** Data for analysis follows **
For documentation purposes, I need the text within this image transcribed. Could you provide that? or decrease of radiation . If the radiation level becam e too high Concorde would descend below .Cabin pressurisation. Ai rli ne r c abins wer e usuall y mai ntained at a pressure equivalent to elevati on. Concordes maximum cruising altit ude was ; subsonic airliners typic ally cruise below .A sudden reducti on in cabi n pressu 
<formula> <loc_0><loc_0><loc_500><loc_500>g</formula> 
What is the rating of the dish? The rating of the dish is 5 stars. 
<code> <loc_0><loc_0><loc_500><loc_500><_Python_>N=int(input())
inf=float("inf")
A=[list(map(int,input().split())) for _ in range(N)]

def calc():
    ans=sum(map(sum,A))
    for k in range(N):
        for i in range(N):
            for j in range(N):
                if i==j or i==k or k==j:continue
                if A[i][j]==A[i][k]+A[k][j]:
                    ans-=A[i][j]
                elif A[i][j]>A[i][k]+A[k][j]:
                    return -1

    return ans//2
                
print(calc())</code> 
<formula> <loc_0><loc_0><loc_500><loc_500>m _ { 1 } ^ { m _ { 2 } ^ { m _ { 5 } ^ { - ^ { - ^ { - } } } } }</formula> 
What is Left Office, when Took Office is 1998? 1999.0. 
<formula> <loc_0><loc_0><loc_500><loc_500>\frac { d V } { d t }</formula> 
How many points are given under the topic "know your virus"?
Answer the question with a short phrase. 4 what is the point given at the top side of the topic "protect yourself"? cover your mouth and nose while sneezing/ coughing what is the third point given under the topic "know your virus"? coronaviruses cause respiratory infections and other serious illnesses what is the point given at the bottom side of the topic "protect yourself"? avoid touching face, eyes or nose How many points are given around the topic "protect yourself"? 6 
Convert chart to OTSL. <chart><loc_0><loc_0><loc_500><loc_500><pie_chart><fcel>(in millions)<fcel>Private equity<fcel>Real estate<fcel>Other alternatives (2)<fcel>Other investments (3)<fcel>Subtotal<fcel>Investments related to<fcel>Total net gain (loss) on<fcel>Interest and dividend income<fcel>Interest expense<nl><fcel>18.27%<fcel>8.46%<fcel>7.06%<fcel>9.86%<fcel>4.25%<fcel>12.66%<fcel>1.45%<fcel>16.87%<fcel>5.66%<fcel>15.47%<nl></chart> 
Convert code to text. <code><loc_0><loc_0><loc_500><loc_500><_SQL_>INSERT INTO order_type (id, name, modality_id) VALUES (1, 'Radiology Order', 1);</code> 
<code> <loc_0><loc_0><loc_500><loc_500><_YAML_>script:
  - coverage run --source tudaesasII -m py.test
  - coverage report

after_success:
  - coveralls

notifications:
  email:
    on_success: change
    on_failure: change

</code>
** End of Data for analysis **
§ **Work item**: Transcribe the line that contains "- coveralls" exactly, then each line after it through the end of the material. Nothing else belongs in the output.

§ **Output**:
  - coveralls

notifications:
  email:
    on_success: change
    on_failure: change

</code>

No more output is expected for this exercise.